Task description:
Would you please transcribe, exactly as written, the lines of the entries below starting at the one that holds "remote control |" and ending at the one that holds "Reply with a", both included?

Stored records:
▽
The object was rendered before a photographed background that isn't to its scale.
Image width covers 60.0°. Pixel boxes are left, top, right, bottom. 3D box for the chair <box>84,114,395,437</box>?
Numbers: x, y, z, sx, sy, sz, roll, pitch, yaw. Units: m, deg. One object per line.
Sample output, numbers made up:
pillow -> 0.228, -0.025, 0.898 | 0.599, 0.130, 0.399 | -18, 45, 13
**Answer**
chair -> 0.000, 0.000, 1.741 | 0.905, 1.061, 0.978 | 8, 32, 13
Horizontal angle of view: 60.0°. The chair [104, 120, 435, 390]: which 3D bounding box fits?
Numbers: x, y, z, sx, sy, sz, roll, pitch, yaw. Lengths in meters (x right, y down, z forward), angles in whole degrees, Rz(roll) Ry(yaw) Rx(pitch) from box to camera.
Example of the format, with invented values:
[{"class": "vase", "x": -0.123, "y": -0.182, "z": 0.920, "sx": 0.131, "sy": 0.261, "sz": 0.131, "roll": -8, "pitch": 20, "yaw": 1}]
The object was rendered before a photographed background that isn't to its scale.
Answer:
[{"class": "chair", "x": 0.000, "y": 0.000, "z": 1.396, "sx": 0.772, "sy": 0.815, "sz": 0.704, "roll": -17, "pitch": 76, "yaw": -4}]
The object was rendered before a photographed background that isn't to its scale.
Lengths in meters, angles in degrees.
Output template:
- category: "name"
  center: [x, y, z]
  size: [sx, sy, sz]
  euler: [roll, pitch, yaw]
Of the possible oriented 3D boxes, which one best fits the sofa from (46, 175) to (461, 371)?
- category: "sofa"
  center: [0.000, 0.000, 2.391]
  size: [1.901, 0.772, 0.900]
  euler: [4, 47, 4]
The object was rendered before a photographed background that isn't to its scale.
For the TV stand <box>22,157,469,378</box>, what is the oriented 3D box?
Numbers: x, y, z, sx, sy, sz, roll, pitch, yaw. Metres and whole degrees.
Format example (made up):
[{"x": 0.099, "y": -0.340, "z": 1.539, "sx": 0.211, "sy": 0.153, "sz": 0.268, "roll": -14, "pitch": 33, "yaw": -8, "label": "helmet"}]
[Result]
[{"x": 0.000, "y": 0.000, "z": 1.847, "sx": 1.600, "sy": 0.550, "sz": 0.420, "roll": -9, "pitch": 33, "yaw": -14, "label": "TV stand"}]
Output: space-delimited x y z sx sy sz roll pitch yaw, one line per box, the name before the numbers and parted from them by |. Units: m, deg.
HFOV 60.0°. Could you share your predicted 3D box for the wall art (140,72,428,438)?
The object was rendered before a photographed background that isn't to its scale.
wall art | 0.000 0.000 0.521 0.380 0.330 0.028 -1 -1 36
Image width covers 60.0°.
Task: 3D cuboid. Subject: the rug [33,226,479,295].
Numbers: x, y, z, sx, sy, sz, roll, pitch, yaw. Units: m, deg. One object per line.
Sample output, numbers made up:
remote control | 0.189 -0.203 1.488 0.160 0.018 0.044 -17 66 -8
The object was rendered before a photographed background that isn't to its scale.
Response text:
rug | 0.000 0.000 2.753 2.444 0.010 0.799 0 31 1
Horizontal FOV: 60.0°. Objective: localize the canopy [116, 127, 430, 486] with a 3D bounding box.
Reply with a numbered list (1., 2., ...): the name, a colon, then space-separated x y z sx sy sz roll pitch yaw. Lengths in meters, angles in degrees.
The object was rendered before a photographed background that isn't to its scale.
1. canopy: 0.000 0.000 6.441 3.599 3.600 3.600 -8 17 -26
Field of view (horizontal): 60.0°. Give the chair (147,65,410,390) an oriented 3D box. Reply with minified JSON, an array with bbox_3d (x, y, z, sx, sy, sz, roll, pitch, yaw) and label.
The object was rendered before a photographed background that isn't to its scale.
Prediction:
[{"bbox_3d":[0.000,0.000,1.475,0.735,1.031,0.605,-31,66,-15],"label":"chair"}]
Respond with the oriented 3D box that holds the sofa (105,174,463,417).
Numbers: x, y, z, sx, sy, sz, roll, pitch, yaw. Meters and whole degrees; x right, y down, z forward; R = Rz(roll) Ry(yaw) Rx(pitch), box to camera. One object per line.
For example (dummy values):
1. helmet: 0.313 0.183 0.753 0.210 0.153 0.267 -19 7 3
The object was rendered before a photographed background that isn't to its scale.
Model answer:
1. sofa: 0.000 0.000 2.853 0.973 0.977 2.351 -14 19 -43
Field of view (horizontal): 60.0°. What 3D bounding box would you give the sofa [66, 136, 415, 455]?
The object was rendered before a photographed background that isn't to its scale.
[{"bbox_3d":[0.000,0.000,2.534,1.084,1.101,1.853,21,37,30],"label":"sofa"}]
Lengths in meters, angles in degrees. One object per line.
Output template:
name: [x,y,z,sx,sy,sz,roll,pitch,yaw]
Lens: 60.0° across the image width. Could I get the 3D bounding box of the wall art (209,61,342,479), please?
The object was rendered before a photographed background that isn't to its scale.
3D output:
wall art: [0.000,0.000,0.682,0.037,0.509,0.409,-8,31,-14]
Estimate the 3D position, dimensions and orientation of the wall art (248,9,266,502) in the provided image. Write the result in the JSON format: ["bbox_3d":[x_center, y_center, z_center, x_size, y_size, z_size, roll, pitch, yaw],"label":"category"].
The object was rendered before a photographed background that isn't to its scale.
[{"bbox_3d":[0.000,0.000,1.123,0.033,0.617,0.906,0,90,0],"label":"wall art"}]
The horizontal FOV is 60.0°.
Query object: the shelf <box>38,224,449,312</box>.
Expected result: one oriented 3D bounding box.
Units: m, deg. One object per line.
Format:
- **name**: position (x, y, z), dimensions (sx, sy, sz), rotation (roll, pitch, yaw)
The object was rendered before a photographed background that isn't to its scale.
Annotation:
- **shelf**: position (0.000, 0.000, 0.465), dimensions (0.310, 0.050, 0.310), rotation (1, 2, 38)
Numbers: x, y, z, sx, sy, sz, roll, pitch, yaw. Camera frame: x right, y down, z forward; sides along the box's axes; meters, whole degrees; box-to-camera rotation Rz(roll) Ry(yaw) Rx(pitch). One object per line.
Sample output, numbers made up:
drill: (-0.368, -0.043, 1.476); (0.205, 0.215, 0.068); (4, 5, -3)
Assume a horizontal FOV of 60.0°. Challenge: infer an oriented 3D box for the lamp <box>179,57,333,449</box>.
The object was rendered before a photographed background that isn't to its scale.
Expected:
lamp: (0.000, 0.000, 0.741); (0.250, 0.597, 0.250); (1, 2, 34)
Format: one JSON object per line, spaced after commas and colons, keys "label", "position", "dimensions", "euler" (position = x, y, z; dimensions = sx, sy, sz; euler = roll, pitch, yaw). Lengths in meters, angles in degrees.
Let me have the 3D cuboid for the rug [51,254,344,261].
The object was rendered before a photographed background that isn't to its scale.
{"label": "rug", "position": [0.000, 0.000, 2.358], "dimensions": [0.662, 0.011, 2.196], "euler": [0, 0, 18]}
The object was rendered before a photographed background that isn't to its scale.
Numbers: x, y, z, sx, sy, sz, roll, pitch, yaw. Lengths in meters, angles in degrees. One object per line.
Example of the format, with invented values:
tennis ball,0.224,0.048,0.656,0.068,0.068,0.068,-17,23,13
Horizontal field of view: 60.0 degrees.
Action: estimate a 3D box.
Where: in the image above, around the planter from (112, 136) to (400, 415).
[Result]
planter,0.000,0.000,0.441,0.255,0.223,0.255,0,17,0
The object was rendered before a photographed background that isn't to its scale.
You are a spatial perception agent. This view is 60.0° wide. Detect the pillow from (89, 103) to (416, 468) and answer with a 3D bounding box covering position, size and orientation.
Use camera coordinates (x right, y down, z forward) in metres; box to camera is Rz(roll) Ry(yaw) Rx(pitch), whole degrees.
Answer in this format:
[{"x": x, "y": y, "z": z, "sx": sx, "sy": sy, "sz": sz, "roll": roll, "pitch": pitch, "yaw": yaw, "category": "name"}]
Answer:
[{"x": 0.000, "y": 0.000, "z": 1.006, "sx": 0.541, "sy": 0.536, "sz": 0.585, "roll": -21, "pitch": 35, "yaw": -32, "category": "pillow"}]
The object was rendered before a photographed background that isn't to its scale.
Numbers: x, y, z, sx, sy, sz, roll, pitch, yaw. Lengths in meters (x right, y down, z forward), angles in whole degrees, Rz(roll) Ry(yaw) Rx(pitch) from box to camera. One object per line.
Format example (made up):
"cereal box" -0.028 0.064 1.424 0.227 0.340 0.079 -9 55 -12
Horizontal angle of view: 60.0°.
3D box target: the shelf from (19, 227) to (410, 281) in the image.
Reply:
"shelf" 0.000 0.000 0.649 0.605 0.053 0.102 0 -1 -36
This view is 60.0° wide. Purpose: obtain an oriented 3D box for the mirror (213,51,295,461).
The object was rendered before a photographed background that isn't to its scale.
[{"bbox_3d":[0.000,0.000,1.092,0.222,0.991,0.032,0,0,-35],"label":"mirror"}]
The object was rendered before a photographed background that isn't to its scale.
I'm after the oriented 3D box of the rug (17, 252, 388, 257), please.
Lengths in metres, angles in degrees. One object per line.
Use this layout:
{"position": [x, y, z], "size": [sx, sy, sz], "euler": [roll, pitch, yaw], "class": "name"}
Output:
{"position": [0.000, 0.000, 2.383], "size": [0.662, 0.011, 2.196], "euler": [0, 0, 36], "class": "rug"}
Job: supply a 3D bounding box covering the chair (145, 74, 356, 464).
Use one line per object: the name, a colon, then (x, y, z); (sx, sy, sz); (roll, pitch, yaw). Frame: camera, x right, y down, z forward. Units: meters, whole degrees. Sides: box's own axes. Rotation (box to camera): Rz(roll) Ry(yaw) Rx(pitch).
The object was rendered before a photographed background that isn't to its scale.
△
Problem solution:
remote control | 0.189 -0.203 1.488 0.160 0.018 0.044 -17 66 -8
The object was rendered before a photographed background that isn't to its scale.
Response text:
rug | 0.000 0.000 2.753 2.444 0.010 0.799 0 31 1
Horizontal FOV: 60.0°. Objective: localize the canopy [116, 127, 430, 486] with a 3D bounding box.
Reply with a numbered list (1., 2., ...): the name, a colon, then space-separated x y z sx sy sz roll pitch yaw. Lengths in meters, angles in degrees.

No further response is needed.